Muriel Mayette-Holtz : On est tous bouleversés. On considère, je crois que c'est le cas de tous les artistes, que tuer une pensée c’est extrêmement grave et on essaye qu'elle reste vivante. Nous allons proposer deux appartements pour les artistes qui ont pu fuir, j’espère, momentanément leur pays. On essayera de multiplier si jamais c'est nécessaire. Mais au-delà d’un refuge physique, il faut aussi leur permettre de continuer leur travail. Et donc, on leur ouvrira nos plateaux, notre atelier de construction pour qu'ils puissent continuer à s'exprimer, pour que la pensée reste vivante.

A votre connaissance, des artistes ukrainiens sont-ils d'ores et déjà arrivés à Nice ?

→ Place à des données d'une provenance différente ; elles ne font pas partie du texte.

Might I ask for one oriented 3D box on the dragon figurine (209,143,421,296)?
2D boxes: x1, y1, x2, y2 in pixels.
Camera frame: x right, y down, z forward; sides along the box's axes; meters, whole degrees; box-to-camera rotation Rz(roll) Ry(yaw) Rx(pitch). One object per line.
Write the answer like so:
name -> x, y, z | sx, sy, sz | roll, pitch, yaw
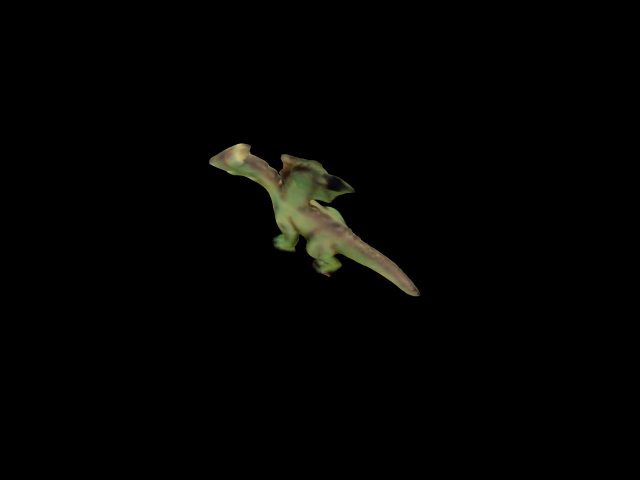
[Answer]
dragon figurine -> 0.003, -0.043, 0.850 | 0.412, 0.124, 0.238 | 27, -19, 10
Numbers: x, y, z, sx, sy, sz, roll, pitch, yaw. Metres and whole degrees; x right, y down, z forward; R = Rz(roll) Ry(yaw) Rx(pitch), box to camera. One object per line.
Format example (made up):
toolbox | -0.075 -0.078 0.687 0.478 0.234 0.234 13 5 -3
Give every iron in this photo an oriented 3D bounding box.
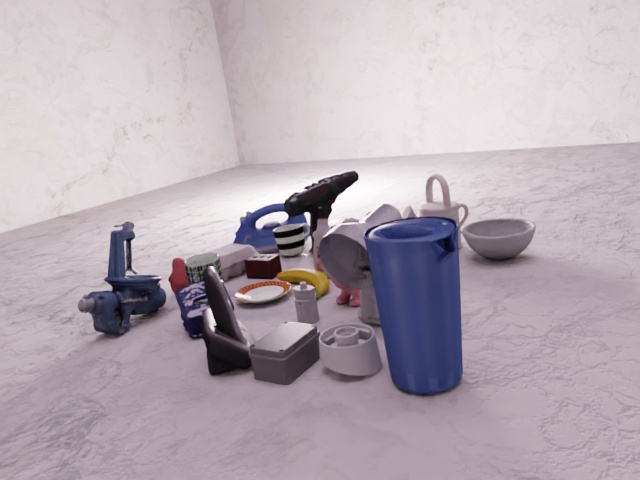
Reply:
iron | -0.150 -0.041 1.689 0.258 0.141 0.118 -11 15 -12

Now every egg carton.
egg carton | -0.241 0.057 1.513 0.107 0.069 0.151 5 20 41

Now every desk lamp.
desk lamp | 0.103 0.049 1.072 0.117 0.214 0.204 4 19 38

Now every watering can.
watering can | 0.295 -0.069 1.447 0.173 0.194 0.100 -20 19 -37

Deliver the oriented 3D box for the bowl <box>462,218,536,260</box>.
bowl | 0.420 0.003 1.342 0.167 0.075 0.167 -8 15 2

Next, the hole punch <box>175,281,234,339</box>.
hole punch | -0.230 0.137 1.165 0.109 0.091 0.100 -14 16 -21

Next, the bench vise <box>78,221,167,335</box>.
bench vise | -0.423 0.080 1.232 0.121 0.220 0.207 -5 15 13

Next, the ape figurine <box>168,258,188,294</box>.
ape figurine | -0.340 0.087 1.412 0.077 0.092 0.076 -4 15 15

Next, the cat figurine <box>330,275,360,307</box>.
cat figurine | 0.068 0.072 1.192 0.067 0.118 0.128 6 20 42

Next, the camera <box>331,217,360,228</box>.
camera | 0.074 0.003 1.480 0.143 0.101 0.136 -10 15 -6

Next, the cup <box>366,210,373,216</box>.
cup | 0.181 -0.031 1.562 0.092 0.095 0.117 -13 16 -18

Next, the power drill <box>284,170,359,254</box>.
power drill | 0.017 -0.073 1.586 0.230 0.208 0.075 -15 16 -24

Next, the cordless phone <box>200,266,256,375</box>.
cordless phone | -0.167 0.124 0.998 0.094 0.185 0.147 -12 15 -15

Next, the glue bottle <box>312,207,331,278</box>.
glue bottle | 0.013 0.005 1.366 0.077 0.173 0.037 4 20 39
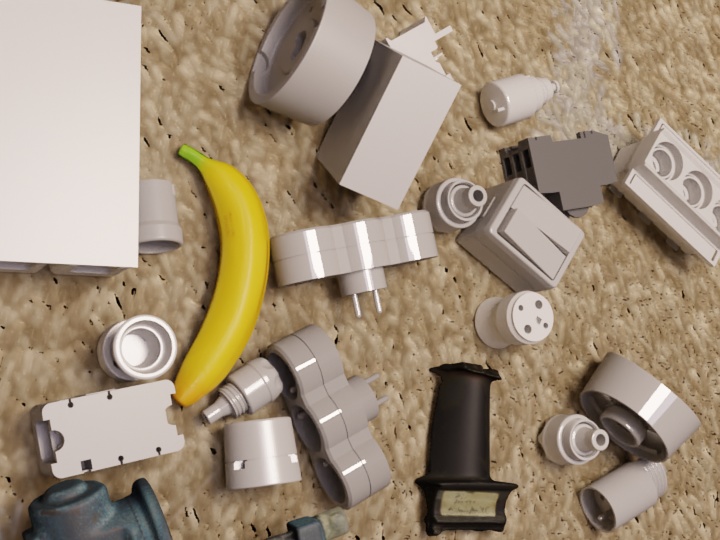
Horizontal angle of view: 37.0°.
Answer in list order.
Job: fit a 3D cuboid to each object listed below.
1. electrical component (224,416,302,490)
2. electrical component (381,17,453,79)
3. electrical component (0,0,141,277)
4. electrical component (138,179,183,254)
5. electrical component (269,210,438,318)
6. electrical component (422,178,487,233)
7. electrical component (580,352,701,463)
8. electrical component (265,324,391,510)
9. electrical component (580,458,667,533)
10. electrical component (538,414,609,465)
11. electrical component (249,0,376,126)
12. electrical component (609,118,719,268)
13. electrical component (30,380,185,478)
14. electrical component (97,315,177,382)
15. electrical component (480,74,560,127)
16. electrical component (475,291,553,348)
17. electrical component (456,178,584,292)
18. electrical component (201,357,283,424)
[{"bbox_3d":[-0.073,0.134,0.788,0.055,0.055,0.047,-2,80,-27],"label":"electrical component"},{"bbox_3d":[0.043,-0.168,0.898,0.081,0.042,0.063,-34,102,-26],"label":"electrical component"},{"bbox_3d":[-0.213,-0.092,0.748,0.105,0.060,0.186,3,81,-26],"label":"electrical component"},{"bbox_3d":[-0.151,-0.039,0.783,0.040,0.040,0.046,-1,76,-27],"label":"electrical component"},{"bbox_3d":[0.000,0.000,0.844,0.138,0.052,0.073,-11,87,-27],"label":"electrical component"},{"bbox_3d":[0.081,-0.055,0.887,0.043,0.062,0.043,4,81,-26],"label":"electrical component"},{"bbox_3d":[0.241,0.116,0.925,0.064,0.099,0.099,-46,103,-18],"label":"electrical component"},{"bbox_3d":[-0.011,0.105,0.823,0.074,0.052,0.138,-26,94,-27],"label":"electrical component"},{"bbox_3d":[0.237,0.191,0.939,0.081,0.043,0.043,-22,93,-27],"label":"electrical component"},{"bbox_3d":[0.184,0.143,0.909,0.043,0.062,0.043,4,81,-26],"label":"electrical component"},{"bbox_3d":[-0.031,-0.162,0.825,0.060,0.108,0.108,26,72,-27],"label":"electrical component"},{"bbox_3d":[0.292,-0.068,0.993,0.121,0.063,0.078,39,68,-16],"label":"electrical component"},{"bbox_3d":[-0.175,0.108,0.739,0.089,0.056,0.050,-10,87,-27],"label":"electrical component"},{"bbox_3d":[-0.158,0.056,0.756,0.045,0.055,0.045,4,81,-26],"label":"electrical component"},{"bbox_3d":[0.142,-0.152,0.944,0.078,0.040,0.040,-20,92,-27],"label":"electrical component"},{"bbox_3d":[0.129,0.042,0.901,0.045,0.055,0.045,4,80,-26],"label":"electrical component"},{"bbox_3d":[0.144,-0.024,0.915,0.096,0.061,0.061,39,68,-16],"label":"electrical component"},{"bbox_3d":[-0.089,0.093,0.797,0.061,0.035,0.035,-33,98,-25],"label":"electrical component"}]
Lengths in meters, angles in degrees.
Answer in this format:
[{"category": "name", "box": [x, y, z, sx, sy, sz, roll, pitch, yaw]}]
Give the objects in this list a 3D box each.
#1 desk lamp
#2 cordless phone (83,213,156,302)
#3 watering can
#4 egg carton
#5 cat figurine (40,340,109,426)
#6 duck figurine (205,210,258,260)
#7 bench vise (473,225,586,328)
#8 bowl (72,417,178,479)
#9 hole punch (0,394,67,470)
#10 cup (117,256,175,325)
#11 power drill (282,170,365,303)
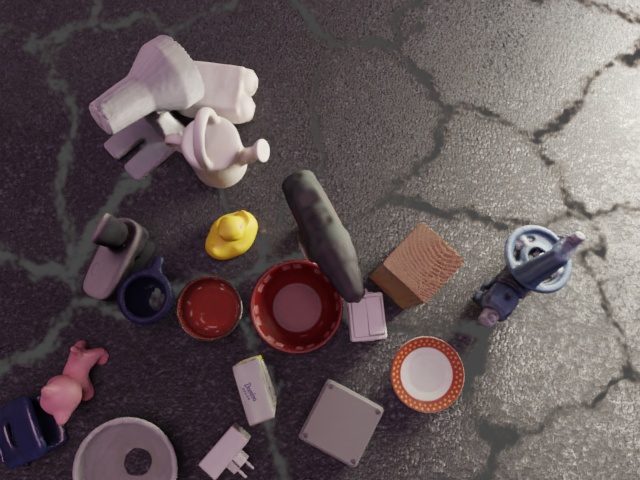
[{"category": "desk lamp", "box": [-0.291, -0.221, 0.973, 0.118, 0.213, 0.203, 45, 83, 6]}, {"category": "cordless phone", "box": [-0.355, 0.026, 0.947, 0.094, 0.185, 0.148, 20, 81, 2]}, {"category": "watering can", "box": [-0.176, -0.162, 0.976, 0.173, 0.194, 0.101, -13, 81, -3]}, {"category": "egg carton", "box": [-0.191, -0.270, 1.055, 0.150, 0.069, 0.107, 6, 81, 0]}, {"category": "cat figurine", "box": [-0.416, 0.234, 0.948, 0.067, 0.118, 0.128, 16, 81, 2]}, {"category": "duck figurine", "box": [-0.160, -0.013, 1.007, 0.104, 0.086, 0.077, -42, 84, -7]}, {"category": "bench vise", "box": [0.351, 0.062, 0.938, 0.121, 0.220, 0.207, 23, 81, 3]}, {"category": "bowl", "box": [-0.313, 0.375, 0.949, 0.167, 0.075, 0.167, 0, 81, -1]}, {"category": "hole punch", "box": [-0.491, 0.319, 0.946, 0.101, 0.091, 0.108, -23, 82, -4]}, {"category": "cup", "box": [-0.285, 0.087, 0.985, 0.091, 0.095, 0.118, 15, 81, 2]}, {"category": "power drill", "box": [0.009, 0.003, 0.946, 0.075, 0.208, 0.229, -26, 82, -5]}]
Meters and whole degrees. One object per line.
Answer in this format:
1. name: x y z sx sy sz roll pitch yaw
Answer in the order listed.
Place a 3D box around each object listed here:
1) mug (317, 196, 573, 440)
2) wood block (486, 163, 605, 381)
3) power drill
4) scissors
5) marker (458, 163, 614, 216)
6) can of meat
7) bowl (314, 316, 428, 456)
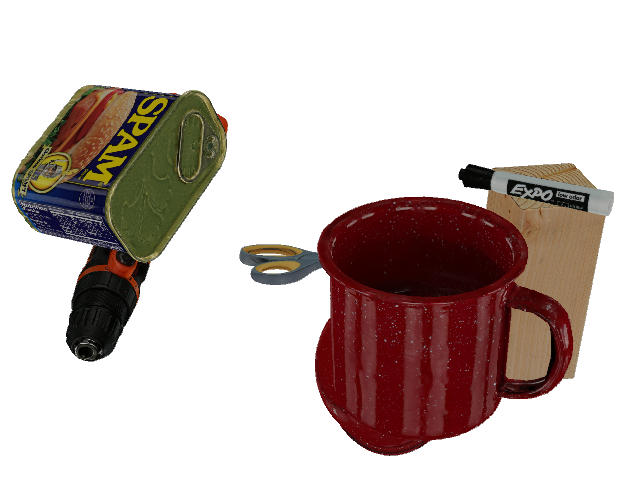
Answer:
1. mug: 0.057 0.039 0.486 0.117 0.081 0.093 12 32 22
2. wood block: 0.215 0.035 1.080 0.090 0.206 0.090 -4 30 -11
3. power drill: -0.145 -0.013 0.862 0.057 0.188 0.184 26 30 -16
4. scissors: 0.009 0.028 1.171 0.202 0.016 0.096 4 23 5
5. marker: 0.165 -0.040 0.826 0.121 0.020 0.020 14 6 25
6. can of meat: -0.118 -0.043 0.619 0.084 0.102 0.057 11 -35 32
7. bowl: 0.047 0.107 0.941 0.162 0.162 0.055 0 -10 44
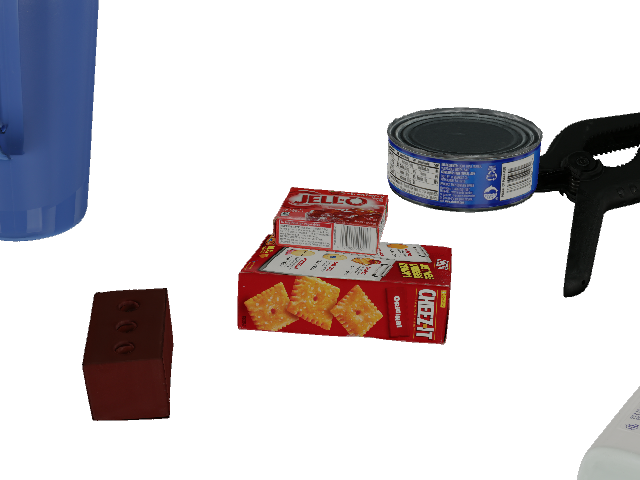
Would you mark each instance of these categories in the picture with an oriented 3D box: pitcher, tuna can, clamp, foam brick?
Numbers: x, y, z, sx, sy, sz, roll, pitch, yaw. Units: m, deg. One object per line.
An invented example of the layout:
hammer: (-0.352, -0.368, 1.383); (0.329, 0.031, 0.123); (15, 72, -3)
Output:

Certains sont déjà dans le sud et notamment vers Marseille. Et j'attends dans les heures qui viennent la possibilité d'avoir des noms d'artistes qui seraient d'accord pour venir à Nice. L'urgence aujourd'hui, je crois, c'est de les accompagner dans cette guerre atroce, donner des moyens financiers, donner des moyens physiques, c'est à dire des vivres, de quoi pouvoir résister et surtout leur permettre d'être accueillis dans les meilleures conditions. Si à un moment donné, ils arrivent sur notre territoire.

Prévoyez-vous des actions culturelles ?

On lit tous les samedis des textes de poètes ukrainiens gratuitement dans notre théâtre pour essayer que cette parole demeure. Il ne faut pas faire cette démarche uniquement par bonne conscience, il faut la faire par conviction et donc toute la troupe s’est emparée des auteurs qui leur sont chers. Nous enregistrons aussi sur nos réseaux sociaux des textes d'auteurs ukrainiens pour qu'ils aient des espaces pour pouvoir s'exprimer. C'est la possibilité que leur histoire, que leurs convictions, que leur poésie, leur vision existent et continuent à être vivante. Il me semble que c'est une façon aussi d'accompagner une vraie résistance.